Monday, August 06, 2012

As ervilhas do senhor Adelino

O senhor Adelino era um borrachão.
Nunca se distinguiu nem pela quantidade, nem qualidade do seu trabalho. Quanto muito a sua jornada chegava à hora em que a Dona Maria, mulher doente, mulher para sempre, colocava as sopas sobre a mesa, as migas de pão com azeitonas, o cozido de couves sem conduto. A seguir era sagrado descansar. Ressonada a sesta, aconchegava a rala pelagem sob o chapeu de feltro e lá ia a cavalo na pedaleira até à Parreirinha, ao chegar ao termo da cidade, aonde se acomodava de volta dos tintos, ao balcão com homens pardos, tisnados do sol e da fornalha dos telheiros, cada um puxando de sua léria ou parvejando àcerca de vidas estranhas. E já escuro, voltava ao abrigo das sopas da sua para sempre.
Do outro lado do aramado estava o vizinho da Bufarda. Esse só se divertia com o que lhe dava resultado, trabalhador infinito, provido de enormes mãos de semeador. Era um geómetra das hortas, desenhava-as com a folha comprida da sua enxada, feita a propósito pelo Comendinha, homem de todos os recursos do desenrasque, desenhava canteiros de nabiça, espinafre ou tomate, sem recurso a cordel, a ferramenta apenas tocada pelo olhar e tudo saia direito como por magia. Vivia a vida de quintaneiro com regra de esquadro.
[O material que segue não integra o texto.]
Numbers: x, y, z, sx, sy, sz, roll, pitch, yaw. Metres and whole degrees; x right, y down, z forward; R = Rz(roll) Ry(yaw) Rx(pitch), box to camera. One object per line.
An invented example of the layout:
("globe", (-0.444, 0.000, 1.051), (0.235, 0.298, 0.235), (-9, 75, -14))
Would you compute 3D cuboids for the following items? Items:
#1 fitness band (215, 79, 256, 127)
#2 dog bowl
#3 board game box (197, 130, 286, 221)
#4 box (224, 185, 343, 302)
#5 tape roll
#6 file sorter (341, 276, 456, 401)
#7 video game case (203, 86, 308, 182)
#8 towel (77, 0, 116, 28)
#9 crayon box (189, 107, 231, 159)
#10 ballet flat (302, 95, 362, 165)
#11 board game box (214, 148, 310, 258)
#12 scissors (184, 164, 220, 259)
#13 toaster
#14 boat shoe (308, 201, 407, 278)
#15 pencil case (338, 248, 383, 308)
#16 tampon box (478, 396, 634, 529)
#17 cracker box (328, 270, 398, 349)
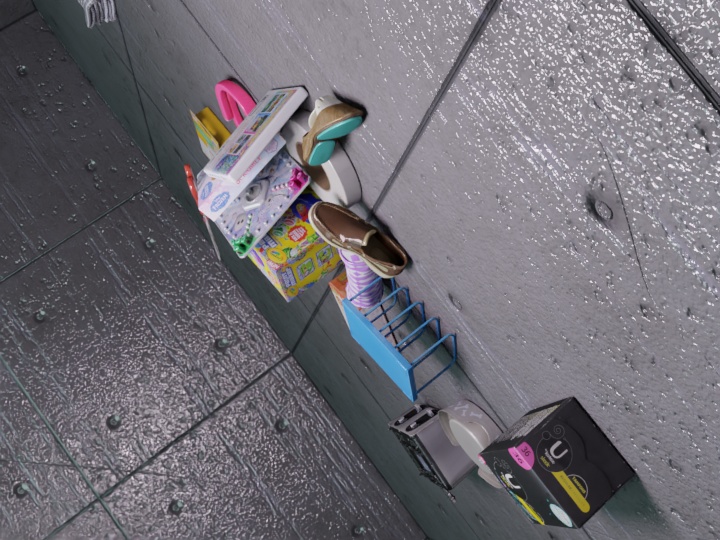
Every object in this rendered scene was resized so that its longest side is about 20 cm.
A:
("fitness band", (-0.256, -0.333, 1.715), (0.144, 0.037, 0.200), (47, 165, 23))
("dog bowl", (0.249, 0.358, 1.657), (0.200, 0.059, 0.200), (49, 165, 18))
("board game box", (-0.232, -0.210, 1.500), (0.041, 0.200, 0.200), (39, -170, -25))
("box", (-0.138, -0.081, 1.609), (0.200, 0.192, 0.122), (45, 163, 30))
("tape roll", (-0.073, -0.200, 1.448), (0.203, 0.037, 0.203), (50, 165, 18))
("file sorter", (0.078, 0.123, 1.535), (0.200, 0.122, 0.139), (45, 162, 30))
("video game case", (-0.190, -0.243, 1.401), (0.024, 0.200, 0.182), (42, 171, -25))
("towel", (-0.763, -0.780, 2.185), (0.166, 0.085, 0.200), (56, 165, -5))
("crayon box", (-0.370, -0.332, 2.041), (0.126, 0.051, 0.200), (50, 165, 16))
("ballet flat", (-0.054, -0.234, 1.259), (0.200, 0.067, 0.073), (143, 111, -69))
("board game box", (-0.208, -0.150, 1.525), (0.026, 0.200, 0.200), (37, -172, -44))
("scissors", (-0.310, -0.117, 1.566), (0.073, 0.014, 0.201), (-117, 9, -51))
("toaster", (0.181, 0.427, 1.901), (0.200, 0.118, 0.181), (56, 166, -8))
("boat shoe", (0.002, -0.063, 1.409), (0.202, 0.075, 0.075), (32, 162, -15))
("pencil case", (0.000, 0.000, 1.570), (0.085, 0.084, 0.200), (13, 150, 13))
("tampon box", (0.301, 0.306, 1.244), (0.150, 0.126, 0.200), (51, 165, 9))
("cracker box", (0.009, 0.112, 1.848), (0.134, 0.058, 0.201), (40, 159, 45))

Uns vizinhos de tão díspares esquadrias morais só poderiam se aborrecer. Tudo começou por mor de umas ervilhas do senhor Adelino, semeadas antes da hora das migas. O vizinho da Bufarda, diligente aproveitador do que deus dá, tinha uns pombos no seu pombal. Ervilhas e pombos, uma atracção fatal, tão funesta a combinação, que os pombos apareceram mortos, envenenados com qualquer peçonha que nem aos cães aproveitaram. Foi um ai até se ouvir bradar um "OIÇA LÁ!" vinda da Bufarda, santo e senha para se iniciar uma conversa desagradavel lá pelo sossego do alentejo.
Já morreram ambos, mas lá aonde estiverem ainda estão de candeias às avessas, a endereçarem-se para as mais diversas partes, mal para todo o sempre.